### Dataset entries
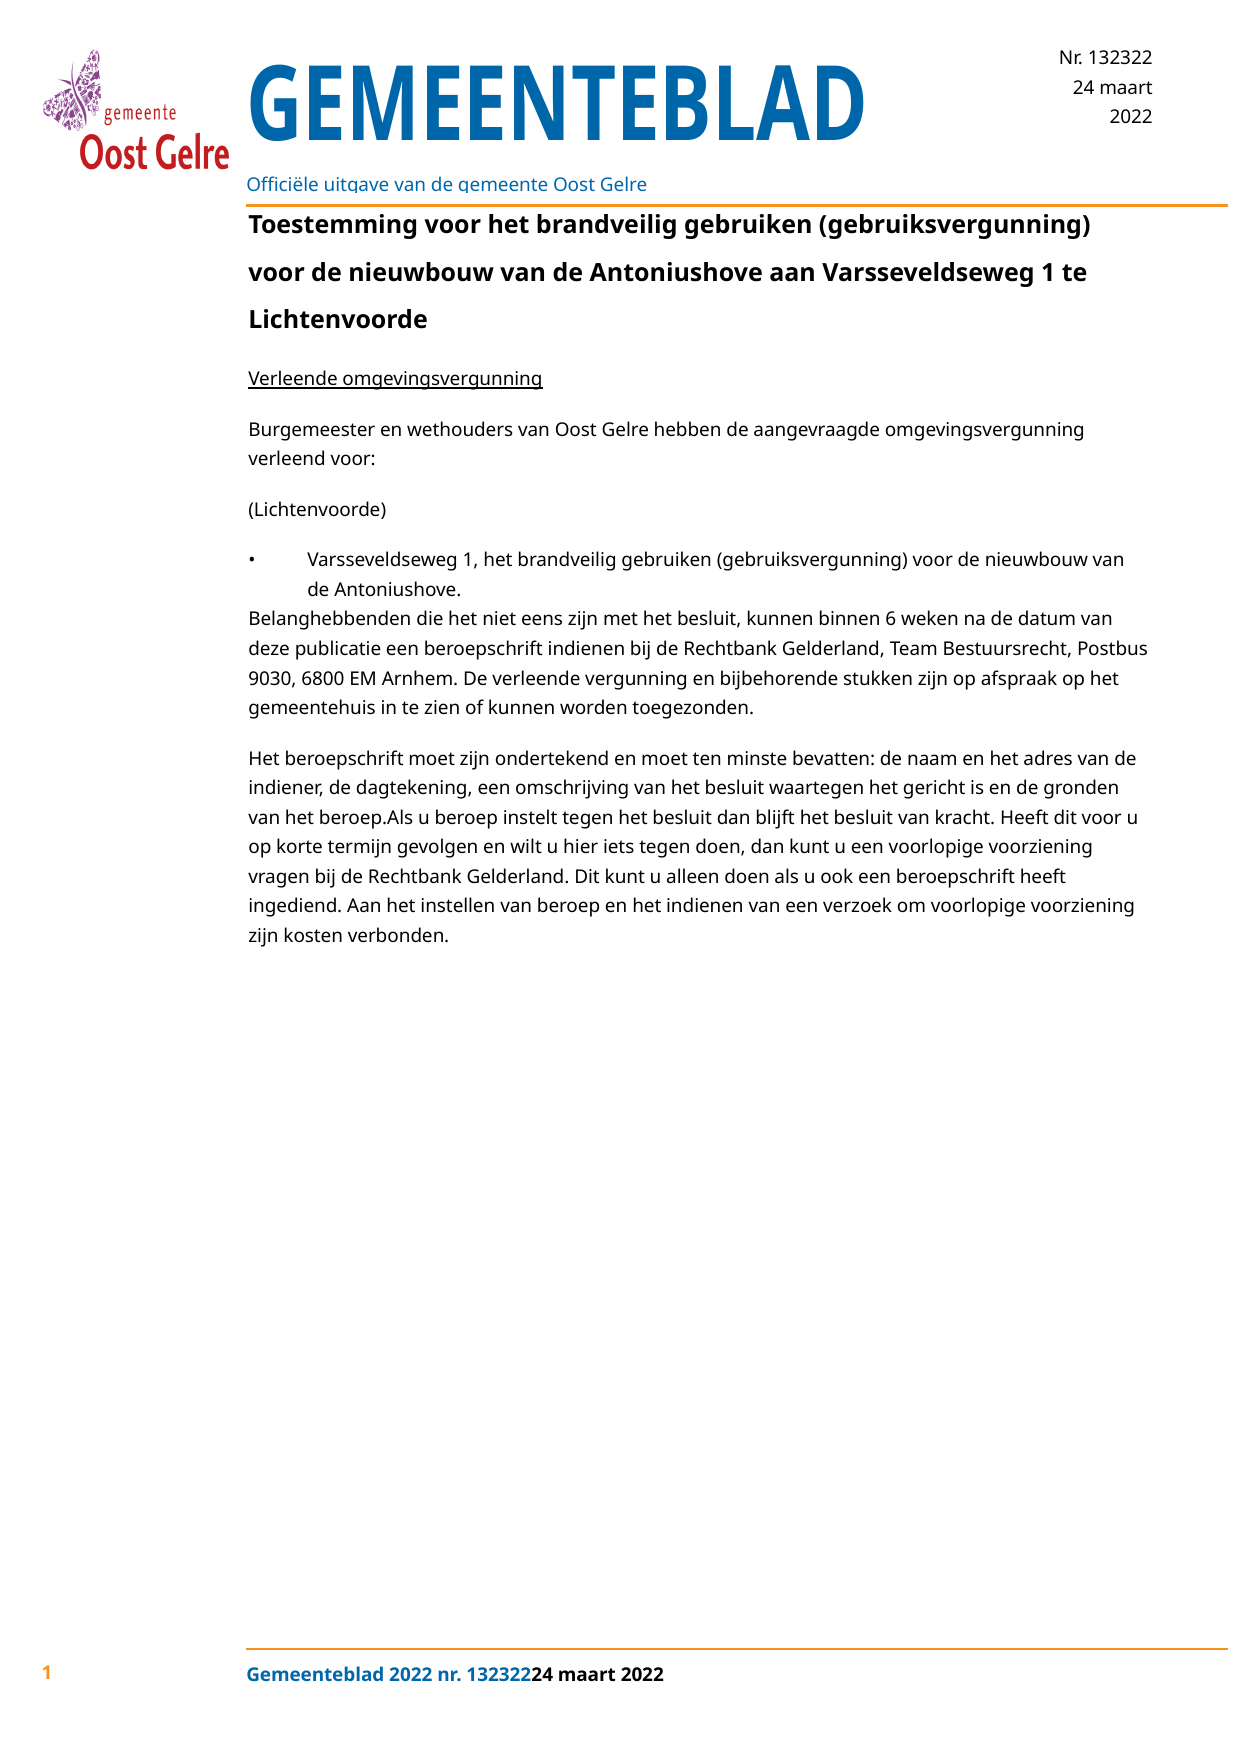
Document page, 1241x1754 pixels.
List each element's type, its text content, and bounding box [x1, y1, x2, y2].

text Verleende omgevingsvergunning [248, 366, 1152, 391]
list Varsseveldseweg 1, het brandveilig gebruiken (gebruiksvergunning) voor de nieuwbouw van de Antoniushove. [248, 546, 1152, 602]
text Belanghebbenden die het niet eens zijn met het besluit, kunnen binnen 6 weken na de datum van deze publicatie een beroepschrift indienen bij de Rechtbank Gelderland, Team Bestuursrecht, Postbus 9030, 6800 EM Arnhem. De verleende vergunning en bijbehorende stukken zijn op afspraak op het gemeentehuis in te zien of kunnen worden toegezonden. [248, 606, 1152, 720]
text Toestemming voor het brandveilig gebruiken (gebruiksvergunning) voor de nieuwbouw van de Antoniushove aan Varsseveldseweg 1 te Lichtenvoorde [248, 207, 1152, 336]
text Het beroepschrift moet zijn ondertekend en moet ten minste bevatten: de naam en het adres van de indiener, de dagtekening, een omschrijving van het besluit waartegen het gericht is en de gronden van het beroep.Als u beroep instelt tegen het besluit dan blijft het besluit van kracht. Heeft dit voor u op korte termijn gevolgen en wilt u hier iets tegen doen, dan kunt u een voorlopige voorziening vragen bij de Rechtbank Gelderland. Dit kunt u alleen doen als u ook een beroepschrift heeft ingediend. Aan het instellen van beroep en het indienen van een verzoek om voorlopige voorziening zijn kosten verbonden. [248, 745, 1152, 948]
picture [41, 47, 231, 172]
text (Lichtenvoorde) [248, 496, 1152, 522]
text Burgemeester en wethouders van Oost Gelre hebben de aangevraagde omgevingsvergunning verleend voor: [248, 416, 1152, 471]
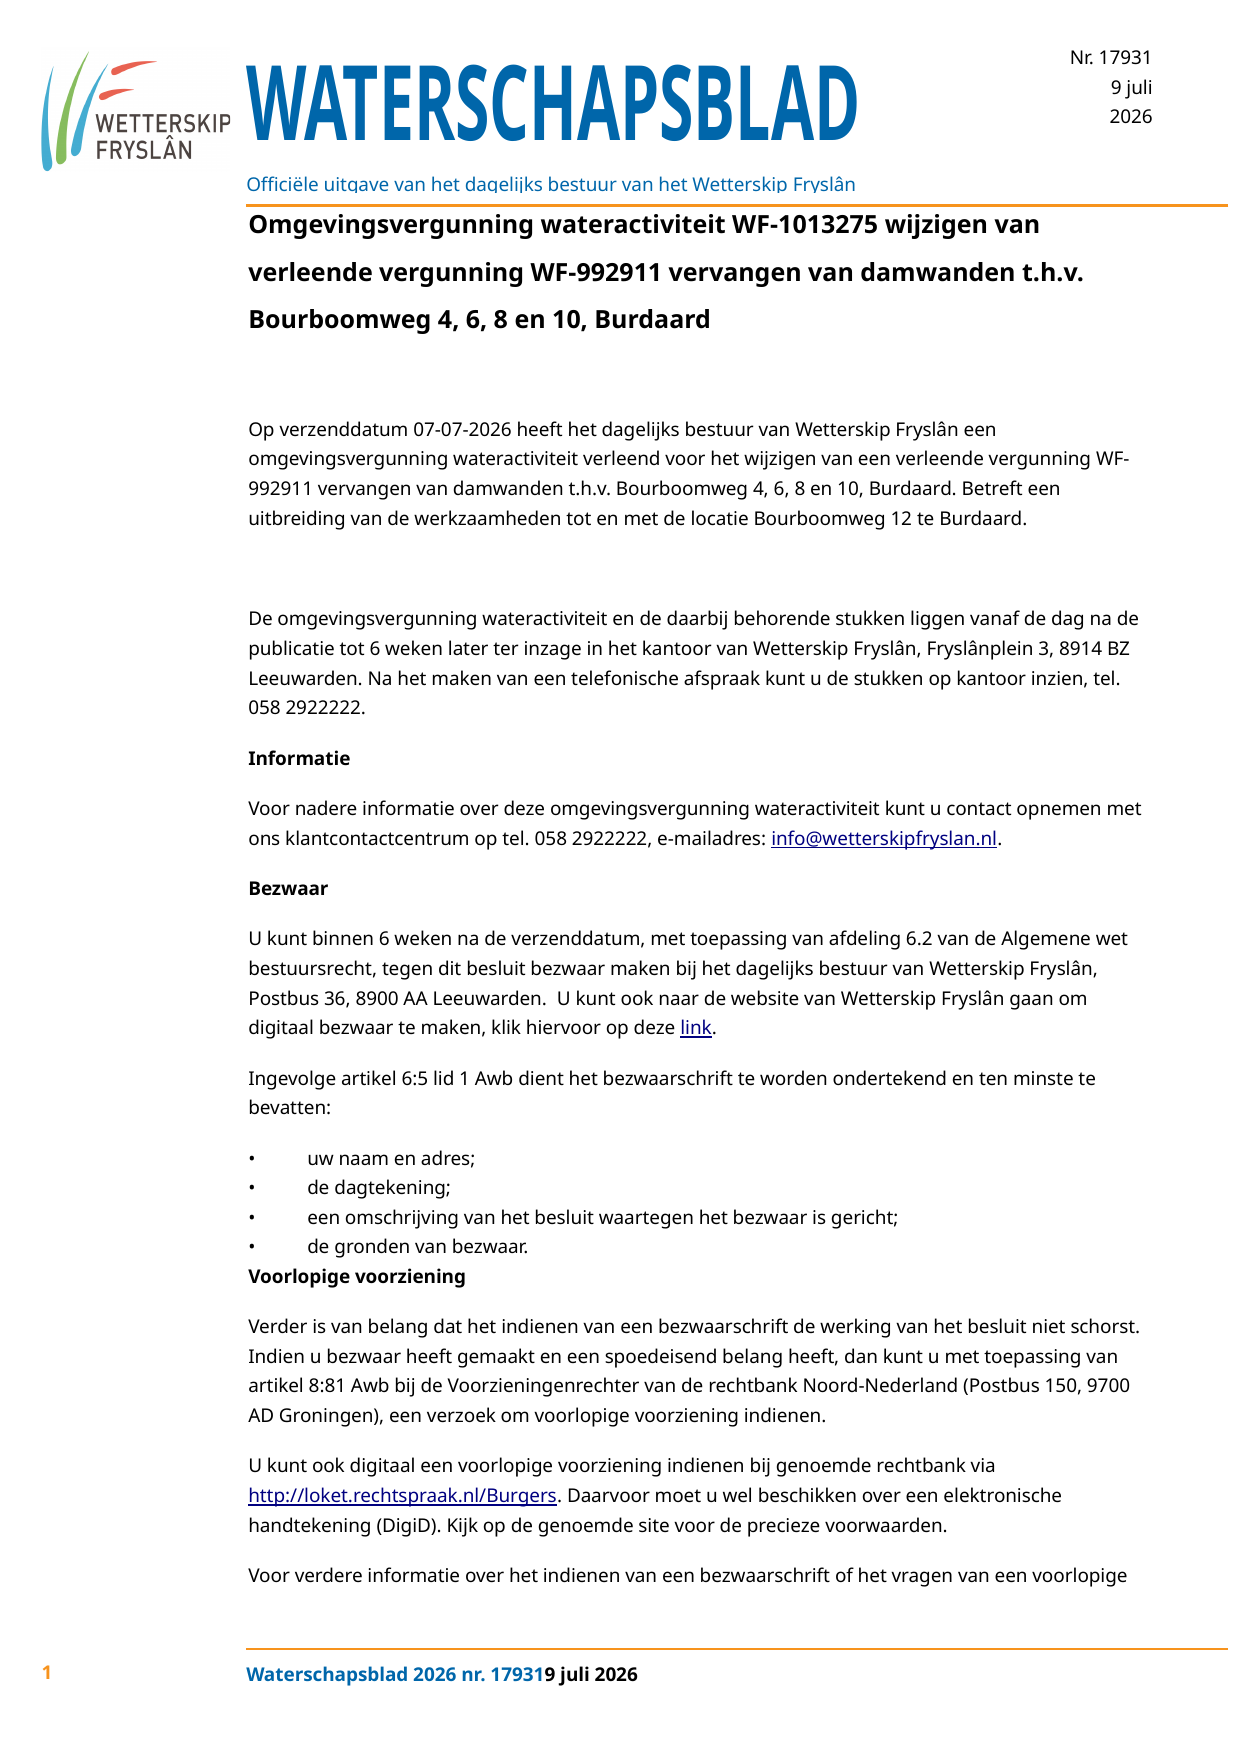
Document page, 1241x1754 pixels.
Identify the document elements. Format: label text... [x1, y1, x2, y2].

list uw naam en adres; [248, 1145, 1152, 1170]
text Op verzenddatum 07-07-2026 heeft het dagelijks bestuur van Wetterskip Fryslân een omgevingsvergunning wateractiviteit verleend voor het wijzigen van een verleende vergunning WF-992911 vervangen van damwanden t.h.v. Bourboomweg 4, 6, 8 en 10, Burdaard. Betreft een uitbreiding van de werkzaamheden tot en met de locatie Bourboomweg 12 te Burdaard. [248, 416, 1152, 530]
list de gronden van bezwaar. [248, 1233, 1152, 1259]
picture [41, 47, 231, 172]
text U kunt binnen 6 weken na de verzenddatum, met toepassing van afdeling 6.2 van de Algemene wet bestuursrecht, tegen dit besluit bezwaar maken bij het dagelijks bestuur van Wetterskip Fryslân, Postbus 36, 8900 AA Leeuwarden. U kunt ook naar de website van Wetterskip Fryslân gaan om digitaal bezwaar te maken, klik hiervoor op deze link. [248, 926, 1152, 1040]
text U kunt ook digitaal een voorlopige voorziening indienen bij genoemde rechtbank via http://loket.rechtspraak.nl/Burgers. Daarvoor moet u wel beschikken over een elektronische handtekening (DigiD). Kijk op de genoemde site voor de precieze voorwaarden. [248, 1453, 1152, 1537]
text Verder is van belang dat het indienen van een bezwaarschrift de werking van het besluit niet schorst. Indien u bezwaar heeft gemaakt en een spoedeisend belang heeft, dan kunt u met toepassing van artikel 8:81 Awb bij de Voorzieningenrechter van de rechtbank Noord-Nederland (Postbus 150, 9700 AD Groningen), een verzoek om voorlopige voorziening indienen. [248, 1313, 1152, 1428]
text Voorlopige voorziening [248, 1263, 1152, 1289]
text Bezwaar [248, 875, 1152, 901]
text Voor nadere informatie over deze omgevingsvergunning wateractiviteit kunt u contact opnemen met ons klantcontactcentrum op tel. 058 2922222, e-mailadres: info@wetterskipfryslan.nl. [248, 795, 1152, 850]
text Informatie [248, 745, 1152, 770]
text Voor verdere informatie over het indienen van een bezwaarschrift of het vragen van een voorlopige [248, 1562, 1152, 1588]
text Omgevingsvergunning wateractiviteit WF-1013275 wijzigen van verleende vergunning WF-992911 vervangen van damwanden t.h.v. Bourboomweg 4, 6, 8 en 10, Burdaard [248, 207, 1152, 336]
text Ingevolge artikel 6:5 lid 1 Awb dient het bezwaarschrift te worden ondertekend en ten minste te bevatten: [248, 1065, 1152, 1120]
text De omgevingsvergunning wateractiviteit en de daarbij behorende stukken liggen vanaf de dag na de publicatie tot 6 weken later ter inzage in het kantoor van Wetterskip Fryslân, Fryslânplein 3, 8914 BZ Leeuwarden. Na het maken van een telefonische afspraak kunt u de stukken op kantoor inzien, tel. 058 2922222. [248, 606, 1152, 720]
list de dagtekening; [248, 1174, 1152, 1200]
list een omschrijving van het besluit waartegen het bezwaar is gericht; [248, 1204, 1152, 1229]
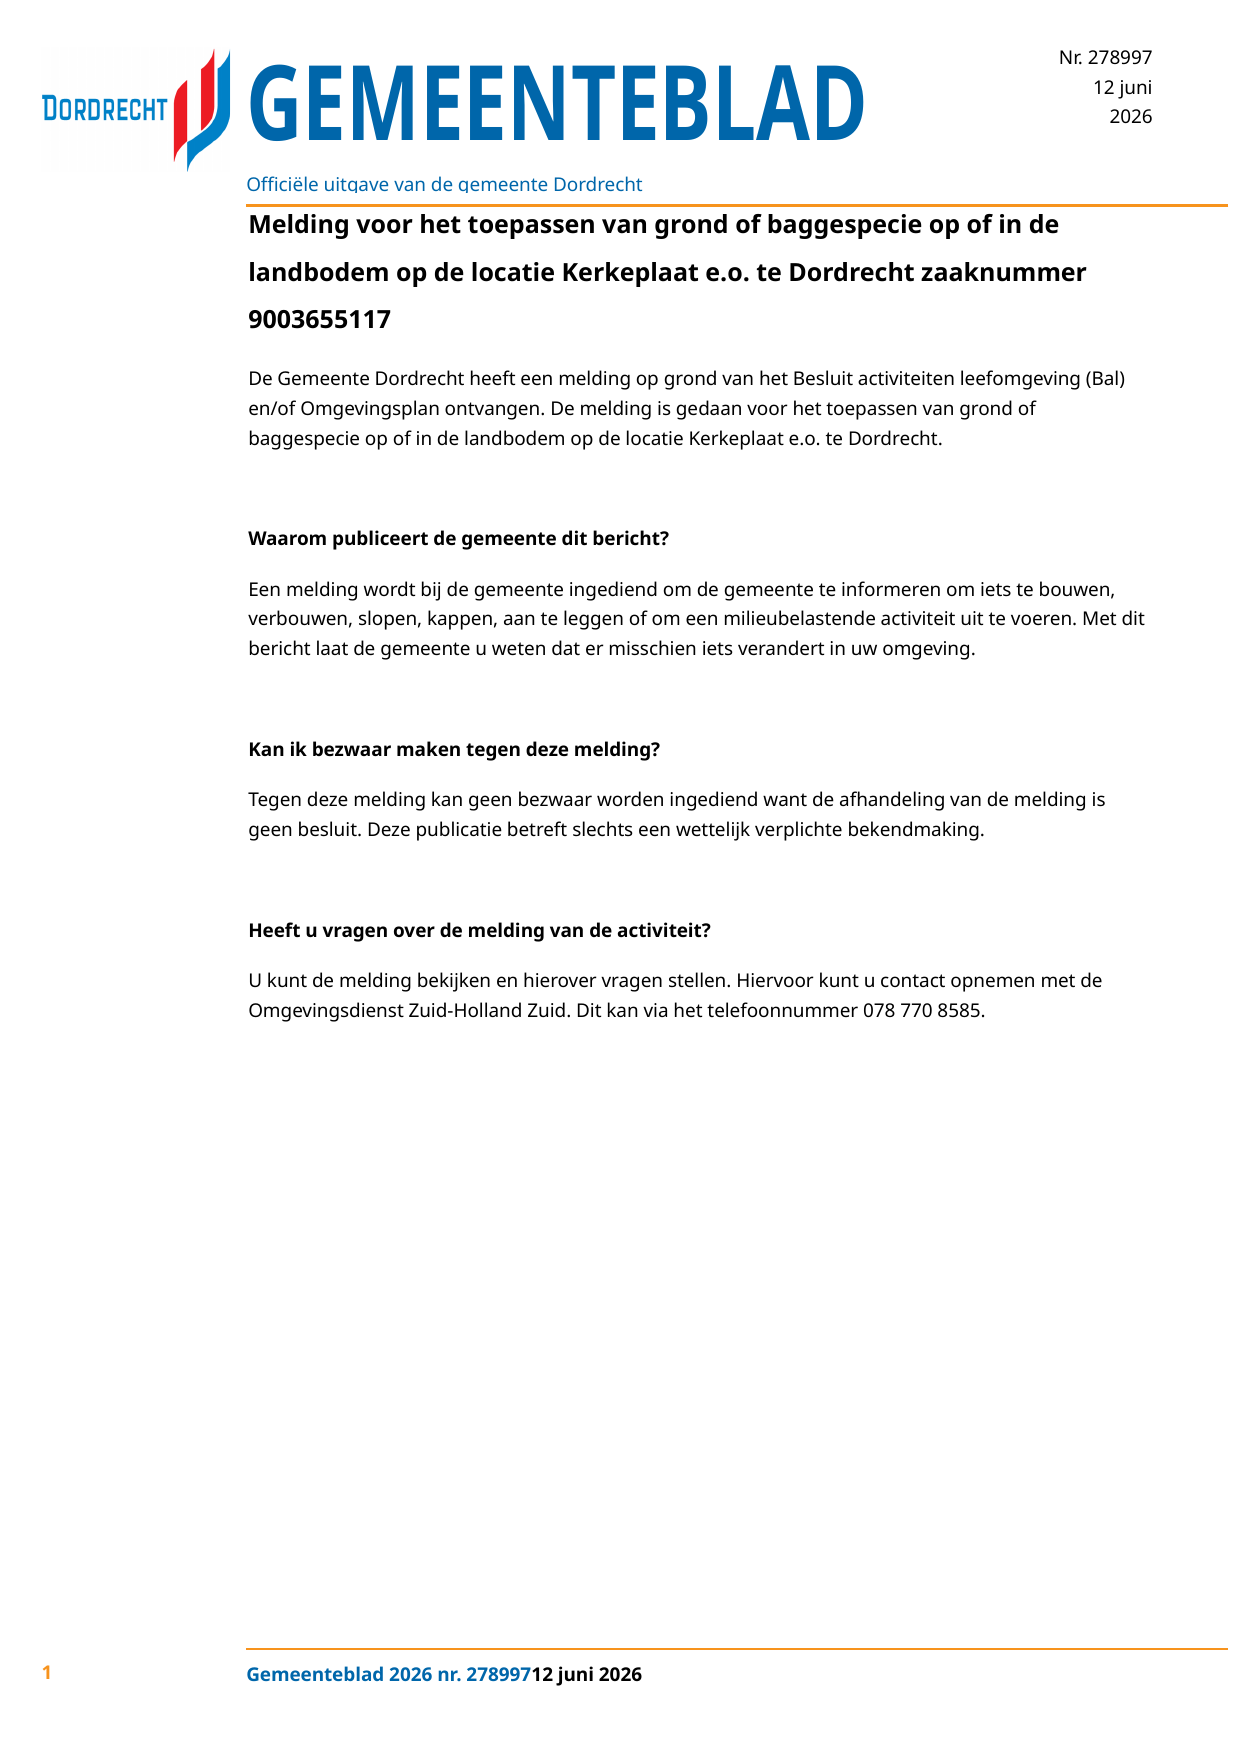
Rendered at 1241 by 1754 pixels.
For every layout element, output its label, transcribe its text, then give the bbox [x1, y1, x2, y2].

text Kan ik bezwaar maken tegen deze melding? [248, 736, 1152, 762]
text Waarom publiceert de gemeente dit bericht? [248, 526, 1152, 551]
text Melding voor het toepassen van grond of baggespecie op of in de landbodem op de locatie Kerkeplaat e.o. te Dordrecht zaaknummer 9003655117 [248, 207, 1152, 336]
text Een melding wordt bij de gemeente ingediend om de gemeente te informeren om iets te bouwen, verbouwen, slopen, kappen, aan te leggen of om een milieubelastende activiteit uit te voeren. Met dit bericht laat de gemeente u weten dat er misschien iets verandert in uw omgeving. [248, 576, 1152, 661]
text Tegen deze melding kan geen bezwaar worden ingediend want de afhandeling van de melding is geen besluit. Deze publicatie betreft slechts een wettelijk verplichte bekendmaking. [248, 786, 1152, 842]
picture [41, 47, 231, 172]
text U kunt de melding bekijken en hierover vragen stellen. Hiervoor kunt u contact opnemen met de Omgevingsdienst Zuid-Holland Zuid. Dit kan via het telefoonnummer 078 770 8585. [248, 967, 1152, 1022]
text Heeft u vragen over de melding van de activiteit? [248, 917, 1152, 942]
text De Gemeente Dordrecht heeft een melding op grond van het Besluit activiteiten leefomgeving (Bal) en/of Omgevingsplan ontvangen. De melding is gedaan voor het toepassen van grond of baggespecie op of in de landbodem op de locatie Kerkeplaat e.o. te Dordrecht. [248, 366, 1152, 450]

### Your instructions
With the line that contains "text Melding voor" as your start, reproduce the data above exactly through its last line, and nothing before that start.

### Solution to the problem
text Melding voor het toepassen van grond of baggespecie op of in de landbodem op de locatie Kerkeplaat e.o. te Dordrecht zaaknummer 9003655117 [248, 207, 1152, 336]
text Een melding wordt bij de gemeente ingediend om de gemeente te informeren om iets te bouwen, verbouwen, slopen, kappen, aan te leggen of om een milieubelastende activiteit uit te voeren. Met dit bericht laat de gemeente u weten dat er misschien iets verandert in uw omgeving. [248, 576, 1152, 661]
text Tegen deze melding kan geen bezwaar worden ingediend want de afhandeling van de melding is geen besluit. Deze publicatie betreft slechts een wettelijk verplichte bekendmaking. [248, 786, 1152, 842]
picture [41, 47, 231, 172]
text U kunt de melding bekijken en hierover vragen stellen. Hiervoor kunt u contact opnemen met de Omgevingsdienst Zuid-Holland Zuid. Dit kan via het telefoonnummer 078 770 8585. [248, 967, 1152, 1022]
text Heeft u vragen over de melding van de activiteit? [248, 917, 1152, 942]
text De Gemeente Dordrecht heeft een melding op grond van het Besluit activiteiten leefomgeving (Bal) en/of Omgevingsplan ontvangen. De melding is gedaan voor het toepassen van grond of baggespecie op of in de landbodem op de locatie Kerkeplaat e.o. te Dordrecht. [248, 366, 1152, 450]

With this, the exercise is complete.